WORK INSTRUCTION –
From the line with "Next, the cardboard box (1083,136,1138,189)." through the final line below, restate each line word for word and return nothing else.

Records excerpted from a collection
=== Section Start ===

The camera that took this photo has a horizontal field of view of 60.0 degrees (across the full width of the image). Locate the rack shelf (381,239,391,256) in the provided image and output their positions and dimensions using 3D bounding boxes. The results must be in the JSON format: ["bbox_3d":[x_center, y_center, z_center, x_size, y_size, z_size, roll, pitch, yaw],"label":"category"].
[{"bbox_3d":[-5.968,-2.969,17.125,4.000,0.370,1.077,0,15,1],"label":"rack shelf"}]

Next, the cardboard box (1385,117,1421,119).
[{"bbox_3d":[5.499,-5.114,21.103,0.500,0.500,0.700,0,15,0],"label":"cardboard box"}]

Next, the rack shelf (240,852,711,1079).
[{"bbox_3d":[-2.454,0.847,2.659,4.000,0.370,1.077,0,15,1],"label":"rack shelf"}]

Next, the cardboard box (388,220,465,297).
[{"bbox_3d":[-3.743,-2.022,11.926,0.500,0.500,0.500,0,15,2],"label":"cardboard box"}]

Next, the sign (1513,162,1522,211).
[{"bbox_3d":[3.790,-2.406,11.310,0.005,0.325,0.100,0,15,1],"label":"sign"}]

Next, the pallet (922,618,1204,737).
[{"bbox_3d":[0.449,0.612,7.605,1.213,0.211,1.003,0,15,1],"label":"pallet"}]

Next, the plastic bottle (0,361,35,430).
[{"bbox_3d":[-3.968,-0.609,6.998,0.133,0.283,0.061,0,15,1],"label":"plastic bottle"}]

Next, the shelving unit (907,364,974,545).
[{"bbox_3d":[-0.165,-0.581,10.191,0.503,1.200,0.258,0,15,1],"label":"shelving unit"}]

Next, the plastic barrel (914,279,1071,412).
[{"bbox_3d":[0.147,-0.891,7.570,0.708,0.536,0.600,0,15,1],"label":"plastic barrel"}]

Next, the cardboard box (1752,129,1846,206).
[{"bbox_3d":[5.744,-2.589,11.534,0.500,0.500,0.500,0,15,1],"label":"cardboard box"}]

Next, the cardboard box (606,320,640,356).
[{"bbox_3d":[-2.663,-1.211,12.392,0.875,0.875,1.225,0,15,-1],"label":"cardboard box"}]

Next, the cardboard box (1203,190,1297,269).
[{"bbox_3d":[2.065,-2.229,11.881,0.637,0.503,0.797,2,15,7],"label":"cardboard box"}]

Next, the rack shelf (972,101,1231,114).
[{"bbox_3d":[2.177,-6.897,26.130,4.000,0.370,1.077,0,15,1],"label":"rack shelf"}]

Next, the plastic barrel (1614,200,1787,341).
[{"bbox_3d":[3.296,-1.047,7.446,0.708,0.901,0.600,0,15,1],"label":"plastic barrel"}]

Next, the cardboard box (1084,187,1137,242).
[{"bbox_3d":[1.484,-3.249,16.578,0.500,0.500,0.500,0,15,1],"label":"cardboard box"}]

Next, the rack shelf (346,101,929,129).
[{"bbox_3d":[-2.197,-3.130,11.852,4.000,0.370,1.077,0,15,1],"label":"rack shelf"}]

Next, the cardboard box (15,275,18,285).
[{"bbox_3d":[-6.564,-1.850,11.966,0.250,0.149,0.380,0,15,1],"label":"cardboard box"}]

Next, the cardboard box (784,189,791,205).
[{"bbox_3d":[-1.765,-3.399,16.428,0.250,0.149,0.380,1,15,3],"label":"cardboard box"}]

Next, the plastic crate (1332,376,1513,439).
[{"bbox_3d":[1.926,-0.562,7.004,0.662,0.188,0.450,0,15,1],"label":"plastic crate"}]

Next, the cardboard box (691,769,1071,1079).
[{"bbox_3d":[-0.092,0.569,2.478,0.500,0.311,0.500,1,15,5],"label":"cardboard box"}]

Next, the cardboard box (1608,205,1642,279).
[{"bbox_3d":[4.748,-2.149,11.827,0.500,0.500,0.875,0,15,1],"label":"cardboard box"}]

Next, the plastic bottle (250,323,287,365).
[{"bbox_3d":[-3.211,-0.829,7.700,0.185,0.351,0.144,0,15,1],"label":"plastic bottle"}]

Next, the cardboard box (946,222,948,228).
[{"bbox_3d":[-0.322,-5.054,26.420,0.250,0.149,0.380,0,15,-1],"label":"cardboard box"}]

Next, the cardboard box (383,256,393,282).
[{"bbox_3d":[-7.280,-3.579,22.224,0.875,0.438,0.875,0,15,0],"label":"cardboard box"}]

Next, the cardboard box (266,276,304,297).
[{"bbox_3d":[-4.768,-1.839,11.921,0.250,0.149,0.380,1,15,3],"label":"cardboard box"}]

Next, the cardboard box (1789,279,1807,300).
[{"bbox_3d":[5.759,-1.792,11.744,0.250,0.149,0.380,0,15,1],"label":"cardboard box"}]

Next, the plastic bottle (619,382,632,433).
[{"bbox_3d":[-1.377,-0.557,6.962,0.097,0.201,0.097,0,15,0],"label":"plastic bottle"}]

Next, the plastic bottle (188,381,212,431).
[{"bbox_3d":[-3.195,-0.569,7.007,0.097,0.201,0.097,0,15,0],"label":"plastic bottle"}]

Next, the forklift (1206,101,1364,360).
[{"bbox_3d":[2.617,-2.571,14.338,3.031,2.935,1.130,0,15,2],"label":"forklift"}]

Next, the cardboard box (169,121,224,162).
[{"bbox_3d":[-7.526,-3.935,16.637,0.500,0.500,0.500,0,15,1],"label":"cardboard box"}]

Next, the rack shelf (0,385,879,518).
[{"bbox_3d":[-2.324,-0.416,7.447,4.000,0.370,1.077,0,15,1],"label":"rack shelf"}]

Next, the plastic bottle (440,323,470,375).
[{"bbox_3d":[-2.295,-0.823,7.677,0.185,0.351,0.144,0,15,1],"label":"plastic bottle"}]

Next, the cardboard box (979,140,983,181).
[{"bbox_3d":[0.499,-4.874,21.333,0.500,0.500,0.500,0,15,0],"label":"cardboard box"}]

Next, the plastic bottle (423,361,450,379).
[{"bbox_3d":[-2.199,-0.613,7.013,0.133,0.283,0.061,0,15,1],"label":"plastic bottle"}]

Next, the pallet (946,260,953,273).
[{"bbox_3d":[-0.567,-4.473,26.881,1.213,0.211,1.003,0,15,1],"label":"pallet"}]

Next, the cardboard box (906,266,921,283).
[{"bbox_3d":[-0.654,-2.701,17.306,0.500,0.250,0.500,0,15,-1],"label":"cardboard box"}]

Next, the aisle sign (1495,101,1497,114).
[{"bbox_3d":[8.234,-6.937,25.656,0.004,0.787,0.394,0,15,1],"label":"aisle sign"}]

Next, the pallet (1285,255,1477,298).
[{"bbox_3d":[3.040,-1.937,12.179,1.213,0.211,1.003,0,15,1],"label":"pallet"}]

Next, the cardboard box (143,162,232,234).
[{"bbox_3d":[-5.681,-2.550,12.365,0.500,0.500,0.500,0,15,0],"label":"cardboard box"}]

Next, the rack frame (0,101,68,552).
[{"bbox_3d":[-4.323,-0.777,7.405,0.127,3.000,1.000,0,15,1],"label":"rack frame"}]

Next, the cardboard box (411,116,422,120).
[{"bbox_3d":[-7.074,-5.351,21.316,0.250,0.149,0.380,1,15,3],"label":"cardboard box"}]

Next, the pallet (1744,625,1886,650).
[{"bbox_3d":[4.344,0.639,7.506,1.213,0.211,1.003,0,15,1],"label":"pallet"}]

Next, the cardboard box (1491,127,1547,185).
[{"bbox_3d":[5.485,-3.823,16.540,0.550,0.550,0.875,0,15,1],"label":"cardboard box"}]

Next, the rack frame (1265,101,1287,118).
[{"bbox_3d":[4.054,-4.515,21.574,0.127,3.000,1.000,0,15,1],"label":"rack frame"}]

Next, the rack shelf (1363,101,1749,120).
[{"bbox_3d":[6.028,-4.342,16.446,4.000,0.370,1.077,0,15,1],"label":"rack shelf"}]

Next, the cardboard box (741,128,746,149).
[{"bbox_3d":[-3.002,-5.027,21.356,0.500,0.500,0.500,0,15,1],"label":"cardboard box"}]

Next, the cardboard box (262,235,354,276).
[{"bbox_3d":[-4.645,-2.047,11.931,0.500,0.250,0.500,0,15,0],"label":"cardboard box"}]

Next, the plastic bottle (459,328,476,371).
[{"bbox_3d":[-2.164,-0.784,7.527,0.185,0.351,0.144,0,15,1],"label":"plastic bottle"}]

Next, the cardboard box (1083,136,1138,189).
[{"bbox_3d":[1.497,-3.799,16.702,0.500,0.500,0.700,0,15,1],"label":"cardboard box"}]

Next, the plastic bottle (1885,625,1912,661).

=== Section End ===

WORKED SOLUTION –
Next, the cardboard box (1083,136,1138,189).
[{"bbox_3d":[1.497,-3.799,16.702,0.500,0.500,0.700,0,15,1],"label":"cardboard box"}]

Next, the plastic bottle (1885,625,1912,661).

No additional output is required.